Our paper at SIGGRAPH 2021

Ming Shan Digital Experience
Ming Shan Digital Experience
Ming Shan Digital Experience
Ming Shan Digital Experience
Ming Shan Digital Experience
Ming Shan Digital Experience
Ming Shan Digital Experience
Ming Shan Digital Experience

Each year, more than 18,000 people attend, but only 8 major artistic contributions of academic value are selected. Designed by EPFL+ECAL Lab, the Ming Shan Digital Experience project has been favoured by the experts. It confronts technology, science and contemporary design with a practice and a philosophy that are thousands of years old. This set-up, which is now operational in Switzerland, has gained worldwide recognition.
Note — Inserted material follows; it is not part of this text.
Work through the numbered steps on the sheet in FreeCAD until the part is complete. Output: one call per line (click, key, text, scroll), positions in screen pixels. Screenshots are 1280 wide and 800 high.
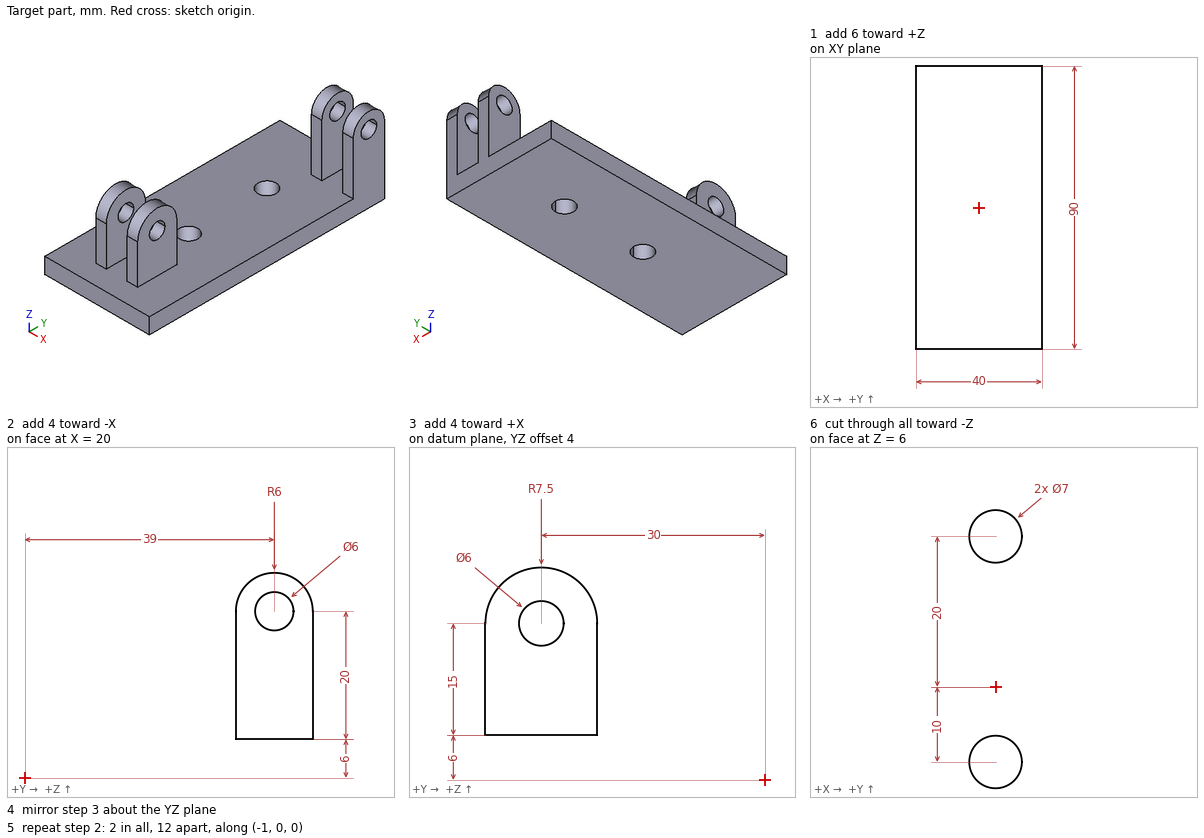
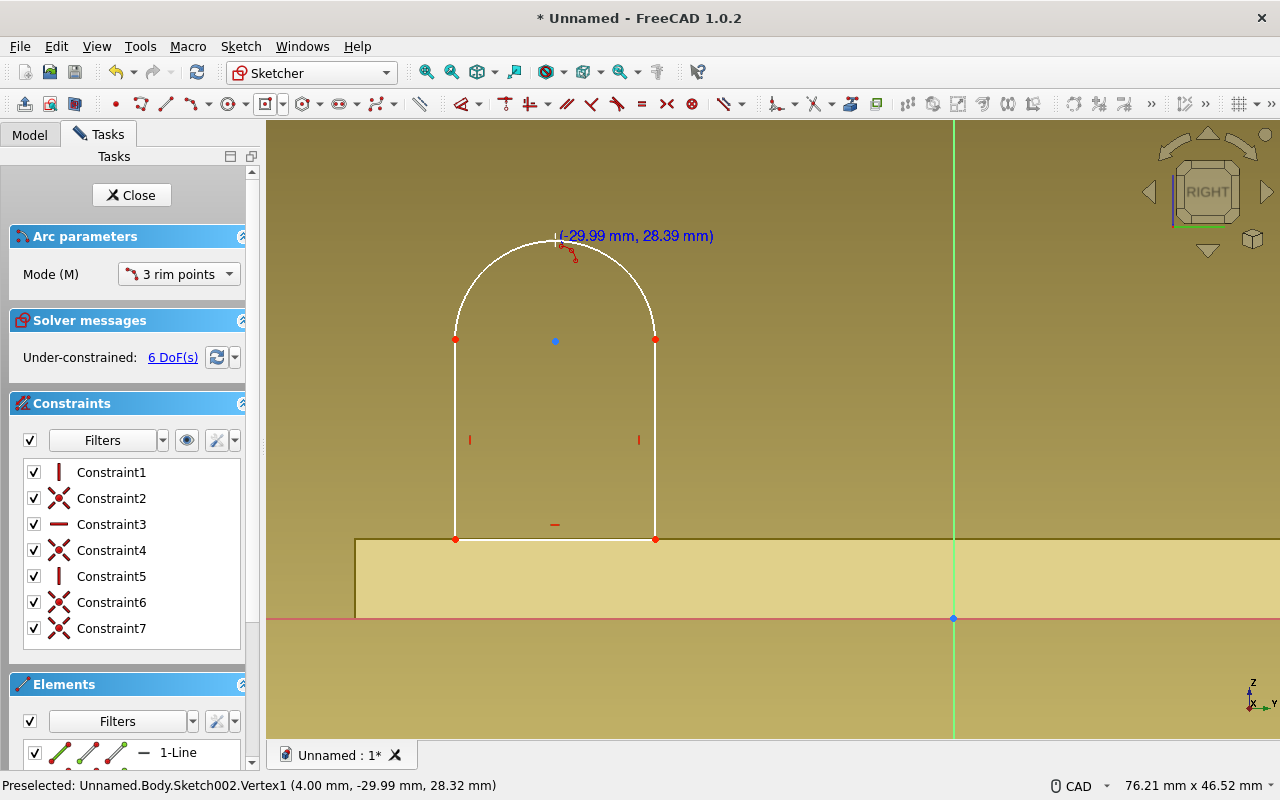
click(228, 104)

The SIGGRAPH international conference dedicated to computer graphics and interactive technology is the global meeting place for experts in digital science, the computer industry, Hollywood production and the digital arts. With the weight and rigor of academic tradition, contributions are subject to very strict rules of double-blind expertise by specialists. They thus serve as scientific references. The work carried out by the EPFL+ECAL Lab, the EPFL design research centre, in partnership with the new lay Ming Shan Taoist Centre in Bullet (VD), Switzerland, is one of the major contributions of this year 2021.

The ambition of the Ming Shan Digital Experience project was to imagine an immersive device contributing to the practice of meditation. Two years of research have made it possible to develop an astonishing installation: each participant is seated in a circle of light, whose colour, rhythm and intensity change according to individual physiological parameters. This immersive light aims to provide support to novices, and to offer advanced practitioners new perspectives.

Experimental developments have made it possible to go even further: each device emits sounds on the basis of body signals, acting like a musical instrument. Participants thus benefit not only from individual support through light, but also from collective perception through sound. Finally, the system also acts on the surrounding space by projecting visual flows on the walls of the temple, bathing the entire space in a common flow. Light, sound, visuals and body signals operate in real time.

The impact of this system has been studied, with the involvement of the Department of Psychology at the University of Fribourg. The result is a quantitative and qualitative understanding of the effects of light, sound and the overall device. “We have the ability to integrate artistic creation, technology and the scientific dimension into our approach to design research and thus to understand the principles that benefit practitioners. What was special here was to confront our approach with a culture and a philosophy which have more than 2,000 years of experience.” EPFL+ECAL Lab Director Nicolas Henchoz emphasizes.

The project was mainly led by Margaux Charvolin, at the time assistant at EPFL+ECAL Lab. She began her project with observations in China. The collaboration was the subject of regular discussions and experiments with the main managers of the Ming Shan Centre, in particular Dr. Fabrice Jordan. This made it possible to combine the contributions of the various cultures, knowledge and skills.

With this distinction, the project enjoys worldwide artistic and academic recognition. And it is moreover an operational structure in Bullet: the Ming Shan Centre has approved its implementation in the heart of the temple. It is open to the public.

An inaugural event is planned in Bullet in Autumn 2021.